- EU leaders meet in Brussels to discuss U.K.'s membership terms
- Sterling weaker against most G-10 peers since start of year
Pound traders’ expectations for price swings against the euro are at the highest since the currency bloc’s debt crisis in 2011 as U.K. Prime Minister David Cameron seeks to renegotiate Britain’s membership of the European Union.
The measure of anticipated volatility in the next six months climbed for a fourth session Friday as negotiations spilled over into a second day in Brussels. If successful, they may kick start a four-month referendum campaign on the U.K.’s place in the EU. Sterling weakened as Cameron seeks concessions to address British concerns about its relationship with the bloc, so he can call his promised referendum for June 23. That would give those in favor of an unprecedented British exit from the EU the shortest possible time to campaign.
With traders pushing back bets on the timing of a Bank of England rate-increase, and U.K. economic data painting a mixed picture of the recovery, concerns that Britain may exit the EU are compounding the pound’s woes. Sterling has weakened against all except one of its Group-of-10 currency peers this year and dropped to its lowest level in more than a year versus the euro last week.
“We’re in a situation of profound uncertainty,” said Neil Mellor, a currency strategist at Bank of New York Mellon Corp. in London. “The big thing from a currency standpoint is that nobody knows what it will mean. They don’t really know what it will mean for relations with the EU, they don’t know if they can trust the polls. There’s just one big question mark hanging over the market when it comes to the U.K. outlook.”

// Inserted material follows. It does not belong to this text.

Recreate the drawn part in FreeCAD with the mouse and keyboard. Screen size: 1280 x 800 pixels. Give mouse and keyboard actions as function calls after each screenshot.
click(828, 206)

Six-month implied volatility for the pound versus the euro, a measure of price swings based on options, climbed to 11.99 percent as of 2:23 p.m. in Tokyo, the highest level since October 2011 based on closing prices.

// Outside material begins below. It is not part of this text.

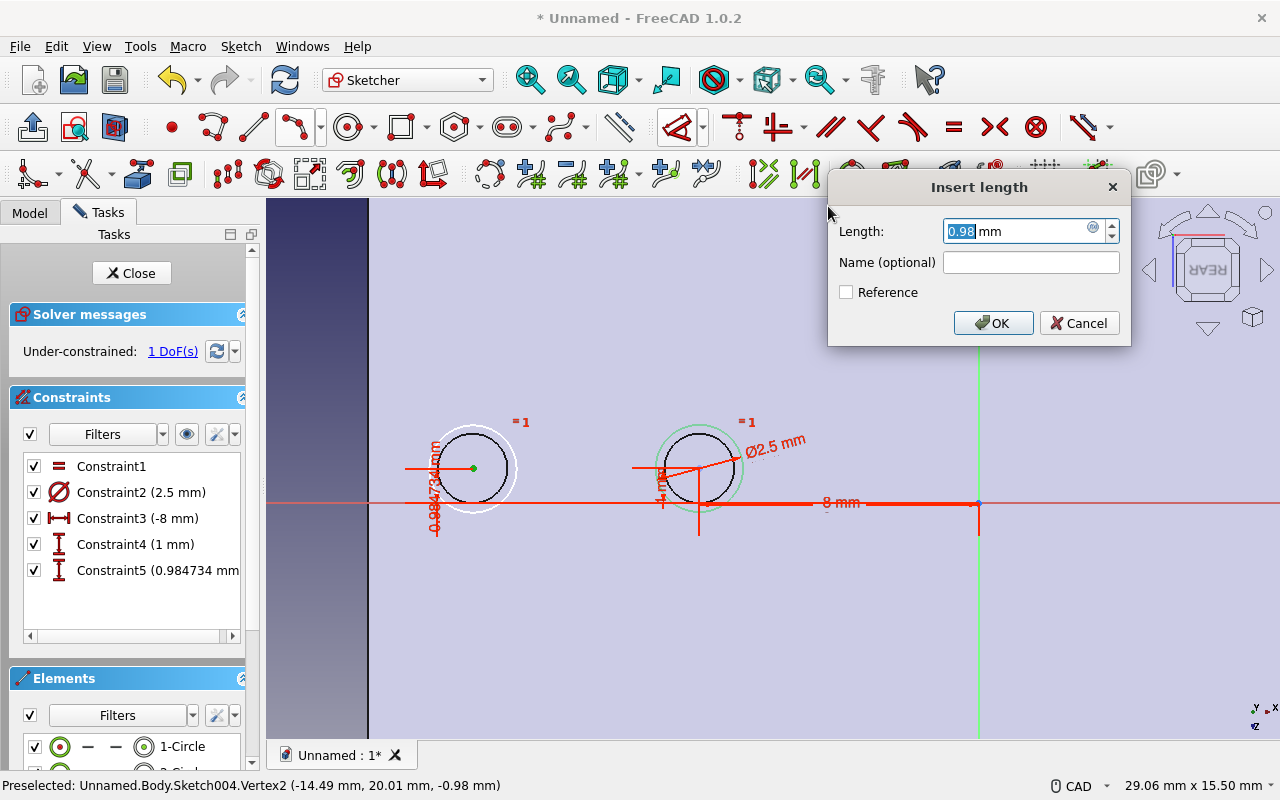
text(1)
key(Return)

Sterling dropped 0.2 percent to 77.62 pence per euro after depreciating to 78.98 on Feb. 11, the weakest since December 2014. The U.K. currency was little changed at $1.4336.
The pound rose on Thursday after European Commission President Jean-Claude Juncker told reporters before the summit that an accord to keep Britain in bloc was within reach. His optimism was echoed by Slovakia’s Premier Robert Fico, who said he could see a compromise agreement and that EU leaders care about the U.K. remaining.
“Confidence over a deal to keep the U.K. in Europe is receiving a big boost,” said Neil Jones, head of hedge-fund sales at Mizuho Bank Ltd in London. “The pound is powering ahead against the euro.”
While the pound has weakened 2.7 percent against the dollar this year, some British asset classes are managing to outperform. Investors who stood by U.K. stocks during this year’s slump are now better off than those who bet on any other European market.
“The community and markets probably haven’t focused on this issue enough,” Andrew Sheets, chief cross-asset strategist at Morgan Stanley in London, said in an interview on Bloomberg Television’s “Surveillance” with Caroline Hyde and Tom Keene. “This is something we see weighing on U.K. assets relative to the rest of Europe, it’s a reason we are bearish on sterling and we continue to think that will be the case for the rest of summer.”